'''

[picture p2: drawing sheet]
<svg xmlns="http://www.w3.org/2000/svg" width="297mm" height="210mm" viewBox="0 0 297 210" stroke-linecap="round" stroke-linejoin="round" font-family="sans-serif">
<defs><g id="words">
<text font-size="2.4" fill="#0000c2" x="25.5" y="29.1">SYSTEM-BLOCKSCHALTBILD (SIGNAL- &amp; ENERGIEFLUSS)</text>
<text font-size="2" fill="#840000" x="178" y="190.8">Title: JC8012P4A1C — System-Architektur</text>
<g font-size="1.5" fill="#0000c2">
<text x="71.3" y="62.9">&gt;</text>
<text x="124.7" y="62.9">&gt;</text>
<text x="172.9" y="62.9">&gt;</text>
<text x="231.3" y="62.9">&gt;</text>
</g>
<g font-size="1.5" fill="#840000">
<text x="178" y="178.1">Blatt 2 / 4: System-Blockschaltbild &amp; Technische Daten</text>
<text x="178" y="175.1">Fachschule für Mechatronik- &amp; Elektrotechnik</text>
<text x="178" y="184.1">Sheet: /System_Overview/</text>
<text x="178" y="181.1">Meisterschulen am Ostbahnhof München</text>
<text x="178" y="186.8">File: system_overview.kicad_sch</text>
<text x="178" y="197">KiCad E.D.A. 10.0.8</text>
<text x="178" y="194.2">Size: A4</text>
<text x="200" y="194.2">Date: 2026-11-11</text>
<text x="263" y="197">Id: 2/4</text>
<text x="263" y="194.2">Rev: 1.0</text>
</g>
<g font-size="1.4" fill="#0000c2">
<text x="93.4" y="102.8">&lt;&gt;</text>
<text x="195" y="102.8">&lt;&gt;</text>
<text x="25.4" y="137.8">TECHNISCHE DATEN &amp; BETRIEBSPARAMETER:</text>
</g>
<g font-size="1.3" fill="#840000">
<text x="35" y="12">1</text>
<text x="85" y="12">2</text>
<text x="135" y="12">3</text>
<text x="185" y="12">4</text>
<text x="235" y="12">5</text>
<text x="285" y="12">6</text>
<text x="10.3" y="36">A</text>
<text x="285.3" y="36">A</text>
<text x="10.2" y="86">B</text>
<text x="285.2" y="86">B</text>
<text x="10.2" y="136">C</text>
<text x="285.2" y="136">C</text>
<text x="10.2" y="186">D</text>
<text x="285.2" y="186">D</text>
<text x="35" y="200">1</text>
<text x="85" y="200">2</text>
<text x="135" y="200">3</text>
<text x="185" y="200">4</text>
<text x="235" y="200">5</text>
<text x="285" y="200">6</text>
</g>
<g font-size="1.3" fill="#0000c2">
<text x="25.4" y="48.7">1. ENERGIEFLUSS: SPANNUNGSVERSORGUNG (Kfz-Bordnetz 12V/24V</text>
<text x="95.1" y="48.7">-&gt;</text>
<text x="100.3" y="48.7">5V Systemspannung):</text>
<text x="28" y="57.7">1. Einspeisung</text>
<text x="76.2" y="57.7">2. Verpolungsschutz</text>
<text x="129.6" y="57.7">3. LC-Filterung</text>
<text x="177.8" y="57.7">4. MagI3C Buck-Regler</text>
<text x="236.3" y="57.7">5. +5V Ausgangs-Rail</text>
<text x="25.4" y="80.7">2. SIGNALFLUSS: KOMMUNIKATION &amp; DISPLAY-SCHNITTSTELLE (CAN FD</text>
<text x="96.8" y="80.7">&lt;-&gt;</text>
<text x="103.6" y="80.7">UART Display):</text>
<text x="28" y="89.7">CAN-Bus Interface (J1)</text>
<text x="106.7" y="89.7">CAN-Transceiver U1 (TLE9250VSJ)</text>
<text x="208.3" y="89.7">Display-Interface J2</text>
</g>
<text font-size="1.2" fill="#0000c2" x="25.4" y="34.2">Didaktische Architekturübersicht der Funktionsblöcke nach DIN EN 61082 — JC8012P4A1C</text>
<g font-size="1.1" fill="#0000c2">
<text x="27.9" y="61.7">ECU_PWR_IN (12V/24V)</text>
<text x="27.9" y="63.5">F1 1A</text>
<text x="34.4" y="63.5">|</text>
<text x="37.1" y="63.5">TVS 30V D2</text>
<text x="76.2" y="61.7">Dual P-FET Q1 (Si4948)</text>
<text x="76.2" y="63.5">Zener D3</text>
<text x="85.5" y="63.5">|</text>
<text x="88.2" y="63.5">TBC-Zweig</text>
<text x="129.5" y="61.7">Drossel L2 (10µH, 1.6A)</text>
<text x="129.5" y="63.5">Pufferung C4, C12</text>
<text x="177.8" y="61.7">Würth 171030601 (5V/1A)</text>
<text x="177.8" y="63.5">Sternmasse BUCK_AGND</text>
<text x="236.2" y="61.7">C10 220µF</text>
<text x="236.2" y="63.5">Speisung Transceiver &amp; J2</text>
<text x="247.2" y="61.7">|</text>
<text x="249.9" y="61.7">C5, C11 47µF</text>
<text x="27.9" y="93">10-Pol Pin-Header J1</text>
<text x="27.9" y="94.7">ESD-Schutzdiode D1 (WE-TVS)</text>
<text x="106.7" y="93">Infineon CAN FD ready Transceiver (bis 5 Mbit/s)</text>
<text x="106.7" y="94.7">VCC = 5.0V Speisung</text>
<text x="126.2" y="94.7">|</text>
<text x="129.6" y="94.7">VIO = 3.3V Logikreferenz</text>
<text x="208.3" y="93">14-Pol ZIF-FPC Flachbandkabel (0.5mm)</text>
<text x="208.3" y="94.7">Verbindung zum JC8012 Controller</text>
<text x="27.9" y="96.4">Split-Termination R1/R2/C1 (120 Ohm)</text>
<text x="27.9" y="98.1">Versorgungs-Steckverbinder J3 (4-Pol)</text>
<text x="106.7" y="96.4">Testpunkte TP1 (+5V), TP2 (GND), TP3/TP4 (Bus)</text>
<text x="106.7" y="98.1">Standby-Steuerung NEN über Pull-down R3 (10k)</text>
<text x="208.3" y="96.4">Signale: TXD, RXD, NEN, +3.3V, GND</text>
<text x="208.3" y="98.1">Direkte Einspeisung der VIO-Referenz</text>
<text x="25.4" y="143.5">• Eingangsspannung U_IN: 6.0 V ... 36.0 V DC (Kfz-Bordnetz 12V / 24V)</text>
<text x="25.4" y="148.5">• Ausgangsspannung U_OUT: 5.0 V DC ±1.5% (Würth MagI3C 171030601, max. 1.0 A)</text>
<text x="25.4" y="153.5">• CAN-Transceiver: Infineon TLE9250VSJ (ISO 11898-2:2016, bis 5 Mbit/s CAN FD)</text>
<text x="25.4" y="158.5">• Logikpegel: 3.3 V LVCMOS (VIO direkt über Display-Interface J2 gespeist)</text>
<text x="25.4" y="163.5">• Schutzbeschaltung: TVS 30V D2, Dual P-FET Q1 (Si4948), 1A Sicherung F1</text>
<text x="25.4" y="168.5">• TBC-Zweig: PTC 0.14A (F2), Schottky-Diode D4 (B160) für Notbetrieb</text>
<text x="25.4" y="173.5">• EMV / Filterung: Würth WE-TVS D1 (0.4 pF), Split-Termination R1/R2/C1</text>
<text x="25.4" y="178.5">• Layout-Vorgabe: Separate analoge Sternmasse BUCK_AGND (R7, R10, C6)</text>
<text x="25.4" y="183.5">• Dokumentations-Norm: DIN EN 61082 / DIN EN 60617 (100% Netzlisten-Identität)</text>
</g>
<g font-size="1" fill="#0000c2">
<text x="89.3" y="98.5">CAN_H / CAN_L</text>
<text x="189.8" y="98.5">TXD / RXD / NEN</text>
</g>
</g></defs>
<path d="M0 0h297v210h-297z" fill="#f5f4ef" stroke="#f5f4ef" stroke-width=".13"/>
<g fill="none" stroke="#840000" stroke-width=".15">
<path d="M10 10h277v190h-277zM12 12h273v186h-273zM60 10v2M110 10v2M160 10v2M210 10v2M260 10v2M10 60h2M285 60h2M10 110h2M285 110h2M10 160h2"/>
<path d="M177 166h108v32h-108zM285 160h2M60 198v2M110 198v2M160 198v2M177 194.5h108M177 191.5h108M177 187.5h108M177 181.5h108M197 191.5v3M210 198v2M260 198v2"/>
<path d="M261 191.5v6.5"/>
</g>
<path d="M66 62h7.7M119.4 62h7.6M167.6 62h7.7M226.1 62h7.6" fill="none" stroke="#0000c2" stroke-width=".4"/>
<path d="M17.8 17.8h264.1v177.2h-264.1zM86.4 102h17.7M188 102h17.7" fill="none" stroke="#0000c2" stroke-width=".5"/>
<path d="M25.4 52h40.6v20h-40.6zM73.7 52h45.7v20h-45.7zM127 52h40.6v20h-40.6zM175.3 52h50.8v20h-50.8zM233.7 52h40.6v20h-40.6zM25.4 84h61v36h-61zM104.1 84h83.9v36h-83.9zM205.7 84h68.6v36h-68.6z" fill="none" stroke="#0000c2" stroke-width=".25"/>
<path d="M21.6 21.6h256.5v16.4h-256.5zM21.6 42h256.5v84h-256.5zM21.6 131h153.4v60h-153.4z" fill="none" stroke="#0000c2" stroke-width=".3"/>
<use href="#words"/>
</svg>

'''

> _WORK TO COMPLETE_
Return each line of the preceding material in which "Termination" can be found.

> _TASK RESPONSE_
<text x="27.9" y="96.4">Split-Termination R1/R2/C1 (120 Ohm)</text>
<text x="25.4" y="173.5">• EMV / Filterung: Würth WE-TVS D1 (0.4 pF), Split-Termination R1/R2/C1</text>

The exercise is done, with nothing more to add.